Looking back over the long, sad history of a fallen world, we see that the shadow of death is over all. Looking on to this great event, the believer can say, "O death, where is they sting? O grave, where is thy victory?", words used by the prophet Hosea when he records the promise of Jehovah, "I will ransom them from the power of Sheol. I will redeem them from death: Where, O death, are thy plagues? where, O Sheol, is thy destruction?" ( Hosea 13:14).
(Vv56, 57). The apostle reminds us that "the sting of death is sin, and the strength of sin is the law". But God gives us the victory through our Lord Jesus Christ, the One Who bore the sting when made sin on the Cross, and "redeemed us from the curse of the law, being made a curse for us" ( 2 Corinthians 5:21; Galatians 3:13). With the blessedness of the truth filling his soul the apostle breaks forth into praise to God.

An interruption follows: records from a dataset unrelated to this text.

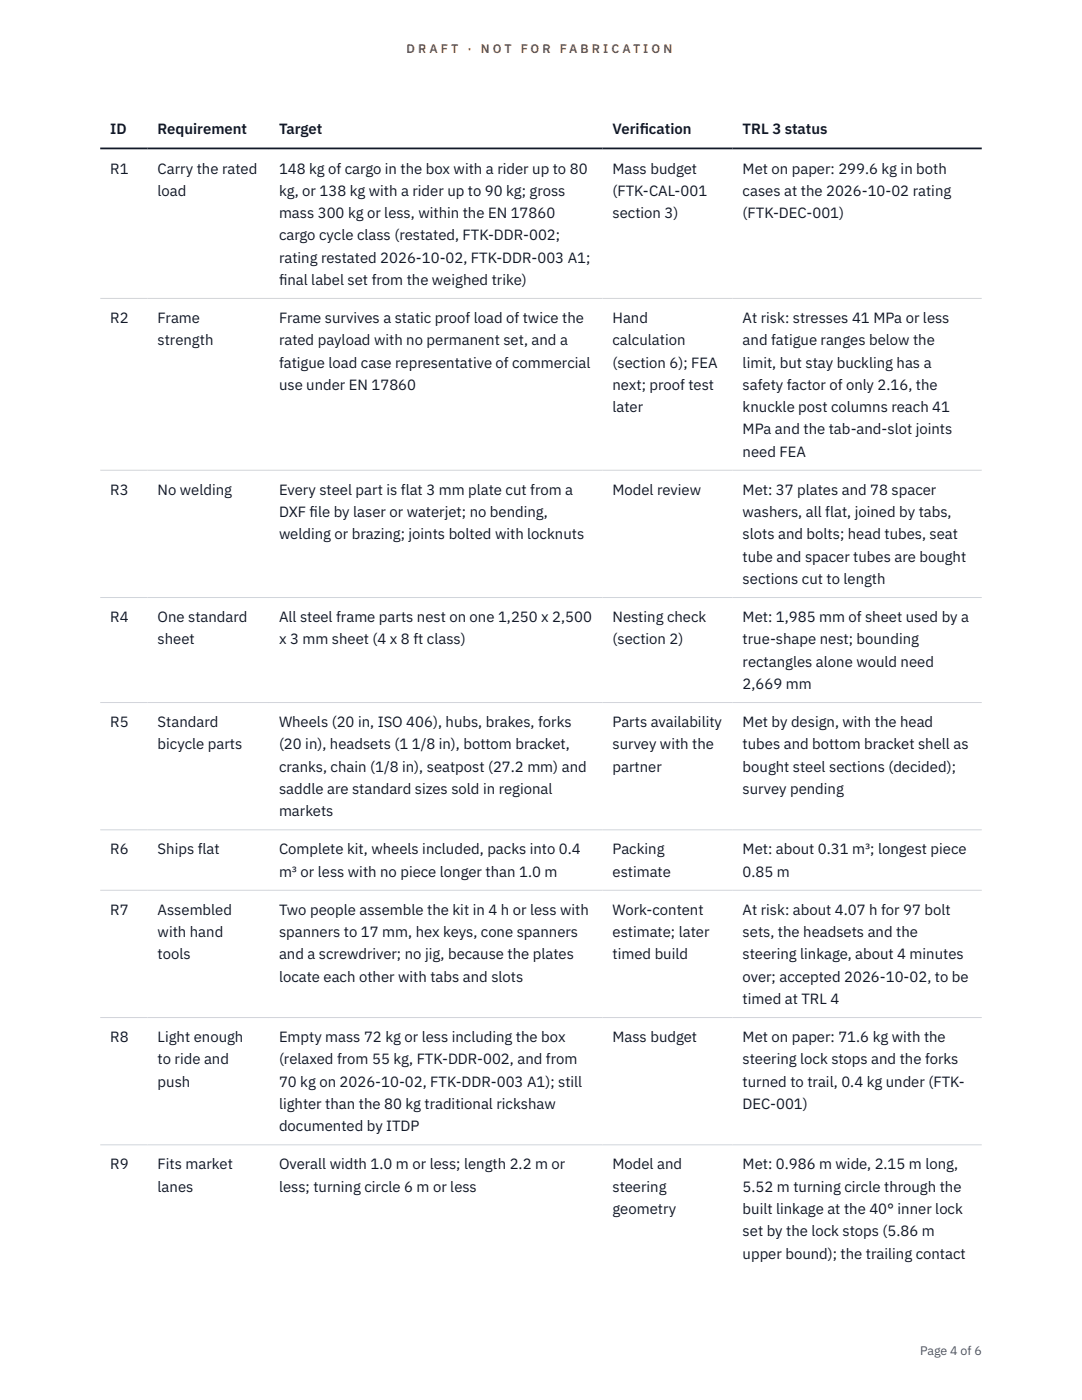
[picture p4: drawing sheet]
<svg xmlns="http://www.w3.org/2000/svg" width="216mm" height="279mm" viewBox="0 0 216 279" stroke-linecap="round" stroke-linejoin="round" font-family="sans-serif">
<defs><g id="words">
<g font-size="3" fill="#111827">
<text x="22" y="26.8">ID</text>
<text x="31.5" y="26.8">Requirement</text>
<text x="55.7" y="26.8">Target</text>
<text x="122.2" y="26.8">Verif</text>
<text x="127.7" y="26.8">ication</text>
<text x="148.2" y="26.8">TRL 3 status</text>
<text x="22" y="34.6">R1</text>
<text x="31.5" y="34.6">Carry the rated</text>
<text x="55.7" y="34.6">148 kg of cargo in the box with a rider up to 80</text>
<text x="122.2" y="34.6">Mass budget</text>
<text x="148.2" y="34.6">Met on paper: 299.6 kg in both</text>
<text x="31.5" y="39.1">load</text>
<text x="55.7" y="39.1">kg, or 138 kg with a rider up to 90 kg; gross</text>
<text x="122.2" y="39.1">(FTK-CAL-001</text>
<text x="148.2" y="39.1">cases at the 2026-10-02 rating</text>
<text x="55.7" y="43.5">mass 300 kg or less, within the EN 17860</text>
<text x="55.7" y="48">cargo cycle class (restated, FTK-DDR-002;</text>
<text x="122.2" y="43.5">section 3)</text>
<text x="148.2" y="43.5">(FTK-DEC-001)</text>
<text x="55.7" y="52.4">rating restated 2026-10-02, FTK-DDR-003 A1;</text>
<text x="55.7" y="56.9">f</text>
<text x="55.7" y="56.9">inal label set from the weighed trike)</text>
<text x="22" y="64.5">R2</text>
<text x="31.5" y="64.5">Frame</text>
<text x="55.7" y="64.5">Frame survives a static proof load of twice the</text>
<text x="122.2" y="64.5">Hand</text>
<text x="148.2" y="64.5">At risk: stresses 41 MPa or less</text>
<text x="31.5" y="68.9">strength</text>
<text x="55.7" y="68.9">rated payload with no permanent set, and a</text>
<text x="122.2" y="68.9">calculation</text>
<text x="148.2" y="68.9">and fatigue ranges below the</text>
<text x="55.7" y="73.4">fatigue load case representative of commercial</text>
<text x="55.7" y="77.8">use under EN 17860</text>
<text x="122.2" y="73.4">(section 6); FEA</text>
<text x="122.2" y="77.8">next; proof test</text>
<text x="148.2" y="73.4">limit, but stay buckling has a</text>
<text x="148.2" y="77.8">safety factor of only 2.16, the</text>
<text x="122.2" y="82.3">later</text>
<text x="148.2" y="82.3">knuckle post columns reach 41</text>
<text x="148.2" y="86.7">MPa and the tab-and-slot joints</text>
<text x="148.2" y="91.1">need FEA</text>
<text x="22" y="98.8">R3</text>
<text x="31.5" y="98.8">No welding</text>
<text x="55.7" y="98.8">Every steel part is flat 3 mm plate cut from a</text>
<text x="122.2" y="98.8">Model review</text>
<text x="148.2" y="98.8">Met: 37 plates and 78 spacer</text>
<text x="55.7" y="103.2">DXF f</text>
<text x="55.7" y="107.7">welding or brazing; joints bolted with locknuts</text>
<text x="61.8" y="103.2">ile by laser or waterjet; no bending,</text>
<text x="148.2" y="103.2">washers, all flat, joined by tabs,</text>
<text x="148.2" y="107.7">slots and bolts; head tubes, seat</text>
<text x="148.2" y="112.1">tube and spacer tubes are bought</text>
<text x="148.2" y="116.5">sections cut to length</text>
<text x="22" y="124.2">R4</text>
<text x="31.5" y="124.2">One standard</text>
<text x="55.7" y="124.2">All steel frame parts nest on one 1,250 x 2,500</text>
<text x="122.2" y="124.2">Nesting check</text>
<text x="148.2" y="124.2">Met: 1,985 mm of sheet used by a</text>
<text x="31.5" y="128.6">sheet</text>
<text x="55.7" y="128.6">x 3 mm sheet (4 x 8 ft class)</text>
<text x="122.2" y="128.6">(section 2)</text>
<text x="148.2" y="128.6">true-shape nest; bounding</text>
<text x="148.2" y="133.1">rectangles alone would need</text>
<text x="148.2" y="137.5">2,669 mm</text>
<text x="22" y="145.1">R5</text>
<text x="31.5" y="145.1">Standard</text>
<text x="31.5" y="149.6">bicycle parts</text>
<text x="55.7" y="145.1">Wheels (20 in, ISO 406), hubs, brakes, forks</text>
<text x="55.7" y="149.6">(20 in), headsets (1 1/8 in), bottom bracket,</text>
<text x="122.2" y="145.1">Parts availability</text>
<text x="122.2" y="149.6">survey with the</text>
<text x="148.2" y="145.1">Met by design, with the head</text>
<text x="148.2" y="149.6">tubes and bottom bracket shell as</text>
<text x="55.7" y="154">cranks, chain (1/8 in), seatpost (27.2 mm) and</text>
<text x="122.2" y="154">partner</text>
<text x="148.2" y="154">bought steel sections (decided);</text>
<text x="55.7" y="158.5">saddle are standard sizes sold in regional</text>
<text x="148.2" y="158.5">survey pending</text>
<text x="55.7" y="162.9">markets</text>
<text x="22" y="170.5">R6</text>
<text x="31.5" y="170.5">Ships flat</text>
<text x="55.7" y="170.5">Complete kit, wheels included, packs into 0.4</text>
<text x="122.2" y="170.5">Packing</text>
<text x="148.2" y="170.5">Met: about 0.31 m³; longest piece</text>
<text x="55.7" y="175">m³ or less with no piece longer than 1.0 m</text>
<text x="122.2" y="175">estimate</text>
<text x="148.2" y="175">0.85 m</text>
<text x="22" y="182.6">R7</text>
<text x="31.5" y="182.6">Assembled</text>
<text x="55.7" y="182.6">Two people assemble the kit in 4 h or less with</text>
<text x="122.2" y="182.6">Work-content</text>
<text x="148.2" y="182.6">At risk: about 4.07 h for 97 bolt</text>
<text x="31.5" y="187">with hand</text>
<text x="31.5" y="191.5">tools</text>
<text x="55.7" y="187">spanners to 17 mm, hex keys, cone spanners</text>
<text x="55.7" y="191.5">and a screwdriver; no jig, because the plates</text>
<text x="122.2" y="187">estimate; later</text>
<text x="122.2" y="191.5">timed build</text>
<text x="148.2" y="187">sets, the headsets and the</text>
<text x="148.2" y="191.5">steering linkage, about 4 minutes</text>
<text x="55.7" y="195.9">locate each other with tabs and slots</text>
<text x="148.2" y="195.9">over; accepted 2026-10-02, to be</text>
<text x="148.2" y="200.4">timed at TRL 4</text>
<text x="22" y="208">R8</text>
<text x="31.5" y="208">Light enough</text>
<text x="55.7" y="208">Empty mass 72 kg or less including the box</text>
<text x="122.2" y="208">Mass budget</text>
<text x="148.2" y="208">Met on paper: 71.6 kg with the</text>
<text x="31.5" y="212.4">to ride and</text>
<text x="55.7" y="212.4">(relaxed from 55 kg, FTK-DDR-002, and from</text>
<text x="148.2" y="212.4">steering lock stops and the forks</text>
<text x="31.5" y="216.9">push</text>
<text x="55.7" y="216.9">70 kg on 2026-10-02, FTK-DDR-003 A1); still</text>
<text x="55.7" y="221.3">lighter than the 80 kg traditional rickshaw</text>
<text x="148.2" y="216.9">turned to trail, 0.4 kg under (FTK-</text>
<text x="148.2" y="221.3">DEC-001)</text>
<text x="55.7" y="225.8">documented by ITDP</text>
<text x="22" y="233.4">R9</text>
<text x="31.5" y="233.4">Fits market</text>
<text x="55.7" y="233.4">Overall width 1.0 m or less; length 2.2 m or</text>
<text x="122.2" y="233.4">Model and</text>
<text x="148.2" y="233.4">Met: 0.986 m wide, 2.15 m long,</text>
<text x="31.5" y="237.8">lanes</text>
<text x="55.7" y="237.8">less; turning circle 6 m or less</text>
<text x="122.2" y="237.8">steering</text>
<text x="148.2" y="237.8">5.52 m turning circle through the</text>
<text x="122.2" y="242.3">geometry</text>
<text x="148.2" y="242.3">built linkage at the 40° inner lock</text>
<text x="148.2" y="246.7">set by the lock stops (5.86 m</text>
<text x="148.2" y="251.2">upper bound); the trailing contact</text>
</g>
<g font-size="2.5" fill="#b45309">
<text x="81.1" y="10.5">D R A F T</text>
<text x="93.3" y="10.5">·</text>
<text x="95.9" y="10.5">N O T</text>
<text x="103.9" y="10.5">F O R</text>
<text x="111.7" y="10.5">F A B R I C A T I O N</text>
</g>
<text font-size="2.5" fill="#4b5563" x="183.6" y="270.3">Page 4 of 6</text>
</g></defs>
<path d="M20 59.6h175.9M20 93.8h175.9M20 119.2h175.9M20 140.2h175.9M20 165.6h175.9M20 177.7h175.9M20 203.1h175.9M20 228.5h175.9" fill="none" stroke="#d1d5db" stroke-width=".2"/>
<path d="M20 29.6h175.9" fill="none" stroke="#111827" stroke-width=".35"/>
<use href="#words"/>
</svg>

(V:58). Wherefore, on account of the mighty victory that Christ has gained by His death, and that is witnessed by His resurrection, and the full blessedness of which we shall enter into in the twinkling of an eye, let us be firm in maintaining the truth, unmoved by any attacks of the enemy, and abounding always in the work of the Lord, knowing that any toil or suffering will have a glorious answer and not be in vain.